Task prompt
The records below are to be set down word for word, with every picture left out.

Stored data
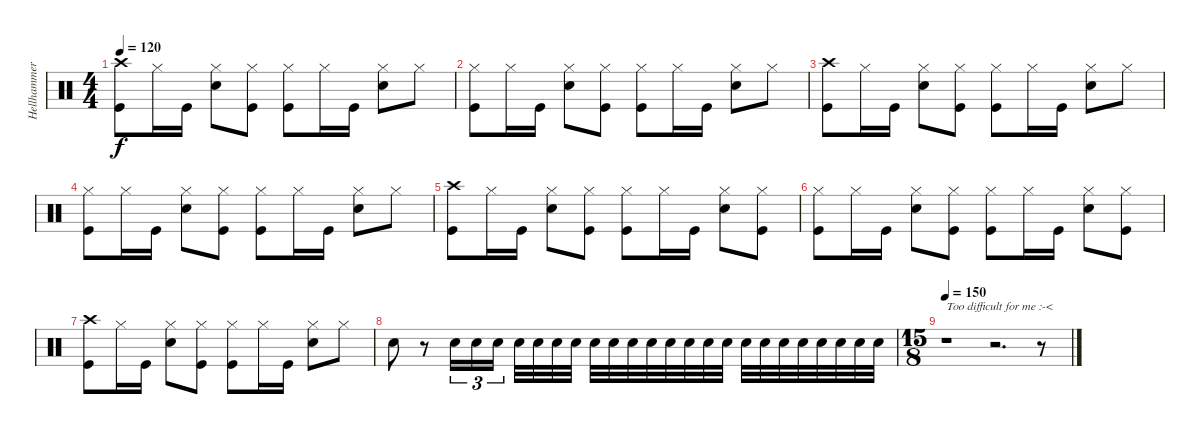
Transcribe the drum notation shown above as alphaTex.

\track ("Hellhammer" "Hellhammer") {instrument percussion}
\staff {score}
\articulation defaults
\ts (4 4)
\tempo 120
\clef neutral
\ks c
("Crash high (hit)" "Kick (hit)").8{dy f} "Hi-Hat (closed)".16 "Kick (hit)".16 ("Hi-Hat (closed)" "Electric Snare (hit)").8 ("Hi-Hat (closed)" "Kick (hit)").8 ("Hi-Hat (closed)" "Kick (hit)").8 "Hi-Hat (closed)".16 "Kick (hit)".16 ("Hi-Hat (closed)" "Electric Snare (hit)").8 "Hi-Hat (closed)".8 |
("Hi-Hat (closed)" "Kick (hit)").8 "Hi-Hat (closed)".16 "Kick (hit)".16 ("Hi-Hat (closed)" "Electric Snare (hit)").8 ("Hi-Hat (closed)" "Kick (hit)").8 ("Hi-Hat (closed)" "Kick (hit)").8 "Hi-Hat (closed)".16 "Kick (hit)".16 ("Hi-Hat (closed)" "Electric Snare (hit)").8 "Hi-Hat (closed)".8 |
("Crash high (hit)" "Kick (hit)").8 "Hi-Hat (closed)".16 "Kick (hit)".16 ("Hi-Hat (closed)" "Electric Snare (hit)").8 ("Hi-Hat (closed)" "Kick (hit)").8 ("Hi-Hat (closed)" "Kick (hit)").8 "Hi-Hat (closed)".16 "Kick (hit)".16 ("Hi-Hat (closed)" "Electric Snare (hit)").8 "Hi-Hat (closed)".8 |
("Hi-Hat (closed)" "Kick (hit)").8 "Hi-Hat (closed)".16 "Kick (hit)".16 ("Hi-Hat (closed)" "Electric Snare (hit)").8 ("Hi-Hat (closed)" "Kick (hit)").8 ("Hi-Hat (closed)" "Kick (hit)").8 "Hi-Hat (closed)".16 "Kick (hit)".16 ("Hi-Hat (closed)" "Electric Snare (hit)").8 "Hi-Hat (closed)".8 |
("Crash high (hit)" "Kick (hit)").8 "Hi-Hat (closed)".16 "Kick (hit)".16 ("Hi-Hat (closed)" "Electric Snare (hit)").8 ("Hi-Hat (closed)" "Kick (hit)").8 ("Hi-Hat (closed)" "Kick (hit)").8 "Hi-Hat (closed)".16 "Kick (hit)".16 ("Hi-Hat (closed)" "Electric Snare (hit)").8 ("Hi-Hat (closed)" "Kick (hit)").8 |
("Hi-Hat (closed)" "Kick (hit)").8 "Hi-Hat (closed)".16 "Kick (hit)".16 ("Hi-Hat (closed)" "Electric Snare (hit)").8 ("Hi-Hat (closed)" "Kick (hit)").8 ("Hi-Hat (closed)" "Kick (hit)").8 "Hi-Hat (closed)".16 "Kick (hit)".16 ("Hi-Hat (closed)" "Electric Snare (hit)").8 ("Hi-Hat (closed)" "Kick (hit)").8 |
("Crash high (hit)" "Kick (hit)").8 "Hi-Hat (closed)".16 "Kick (hit)".16 ("Hi-Hat (closed)" "Electric Snare (hit)").8 ("Hi-Hat (closed)" "Kick (hit)").8 ("Hi-Hat (closed)" "Kick (hit)").8 "Hi-Hat (closed)".16 "Kick (hit)".16 ("Hi-Hat (closed)" "Electric Snare (hit)").8 "Hi-Hat (closed)".8 |
"Electric Snare (hit)".8 r.8 "Electric Snare (hit)".16{tu (3 2)} "Electric Snare (hit)".16{tu (3 2)} "Electric Snare (hit)".16{tu (3 2)} "Electric Snare (hit)".32 "Electric Snare (hit)".32 "Electric Snare (hit)".32 "Electric Snare (hit)".32 "Electric Snare (hit)".32 "Electric Snare (hit)".32 "Electric Snare (hit)".32 "Electric Snare (hit)".32 "Electric Snare (hit)".32 "Electric Snare (hit)".32 "Electric Snare (hit)".32 "Electric Snare (hit)".32 "Electric Snare (hit)".32 "Electric Snare (hit)".32 "Electric Snare (hit)".32 "Electric Snare (hit)".32 "Electric Snare (hit)".32 "Electric Snare (hit)".32 "Electric Snare (hit)".32 "Electric Snare (hit)".32 |
\ts (15 8)
\tempo 150
r.1{txt "Too difficult for me :-<"} r.2{d} r.8

Solution below
Transcribe the drum notation shown above as alphaTex.

\track ("Hellhammer" "Hellhammer") {instrument percussion}
\staff {score}
\articulation defaults
\ts (4 4)
\tempo 120
\clef neutral
\ks c
("Crash high (hit)" "Kick (hit)").8{dy f} "Hi-Hat (closed)".16 "Kick (hit)".16 ("Hi-Hat (closed)" "Electric Snare (hit)").8 ("Hi-Hat (closed)" "Kick (hit)").8 ("Hi-Hat (closed)" "Kick (hit)").8 "Hi-Hat (closed)".16 "Kick (hit)".16 ("Hi-Hat (closed)" "Electric Snare (hit)").8 "Hi-Hat (closed)".8 |
("Hi-Hat (closed)" "Kick (hit)").8 "Hi-Hat (closed)".16 "Kick (hit)".16 ("Hi-Hat (closed)" "Electric Snare (hit)").8 ("Hi-Hat (closed)" "Kick (hit)").8 ("Hi-Hat (closed)" "Kick (hit)").8 "Hi-Hat (closed)".16 "Kick (hit)".16 ("Hi-Hat (closed)" "Electric Snare (hit)").8 "Hi-Hat (closed)".8 |
("Crash high (hit)" "Kick (hit)").8 "Hi-Hat (closed)".16 "Kick (hit)".16 ("Hi-Hat (closed)" "Electric Snare (hit)").8 ("Hi-Hat (closed)" "Kick (hit)").8 ("Hi-Hat (closed)" "Kick (hit)").8 "Hi-Hat (closed)".16 "Kick (hit)".16 ("Hi-Hat (closed)" "Electric Snare (hit)").8 "Hi-Hat (closed)".8 |
("Hi-Hat (closed)" "Kick (hit)").8 "Hi-Hat (closed)".16 "Kick (hit)".16 ("Hi-Hat (closed)" "Electric Snare (hit)").8 ("Hi-Hat (closed)" "Kick (hit)").8 ("Hi-Hat (closed)" "Kick (hit)").8 "Hi-Hat (closed)".16 "Kick (hit)".16 ("Hi-Hat (closed)" "Electric Snare (hit)").8 "Hi-Hat (closed)".8 |
("Crash high (hit)" "Kick (hit)").8 "Hi-Hat (closed)".16 "Kick (hit)".16 ("Hi-Hat (closed)" "Electric Snare (hit)").8 ("Hi-Hat (closed)" "Kick (hit)").8 ("Hi-Hat (closed)" "Kick (hit)").8 "Hi-Hat (closed)".16 "Kick (hit)".16 ("Hi-Hat (closed)" "Electric Snare (hit)").8 ("Hi-Hat (closed)" "Kick (hit)").8 |
("Hi-Hat (closed)" "Kick (hit)").8 "Hi-Hat (closed)".16 "Kick (hit)".16 ("Hi-Hat (closed)" "Electric Snare (hit)").8 ("Hi-Hat (closed)" "Kick (hit)").8 ("Hi-Hat (closed)" "Kick (hit)").8 "Hi-Hat (closed)".16 "Kick (hit)".16 ("Hi-Hat (closed)" "Electric Snare (hit)").8 ("Hi-Hat (closed)" "Kick (hit)").8 |
("Crash high (hit)" "Kick (hit)").8 "Hi-Hat (closed)".16 "Kick (hit)".16 ("Hi-Hat (closed)" "Electric Snare (hit)").8 ("Hi-Hat (closed)" "Kick (hit)").8 ("Hi-Hat (closed)" "Kick (hit)").8 "Hi-Hat (closed)".16 "Kick (hit)".16 ("Hi-Hat (closed)" "Electric Snare (hit)").8 "Hi-Hat (closed)".8 |
"Electric Snare (hit)".8 r.8 "Electric Snare (hit)".16{tu (3 2)} "Electric Snare (hit)".16{tu (3 2)} "Electric Snare (hit)".16{tu (3 2)} "Electric Snare (hit)".32 "Electric Snare (hit)".32 "Electric Snare (hit)".32 "Electric Snare (hit)".32 "Electric Snare (hit)".32 "Electric Snare (hit)".32 "Electric Snare (hit)".32 "Electric Snare (hit)".32 "Electric Snare (hit)".32 "Electric Snare (hit)".32 "Electric Snare (hit)".32 "Electric Snare (hit)".32 "Electric Snare (hit)".32 "Electric Snare (hit)".32 "Electric Snare (hit)".32 "Electric Snare (hit)".32 "Electric Snare (hit)".32 "Electric Snare (hit)".32 "Electric Snare (hit)".32 "Electric Snare (hit)".32 |
\ts (15 8)
\tempo 150
r.1{txt "Too difficult for me :-<"} r.2{d} r.8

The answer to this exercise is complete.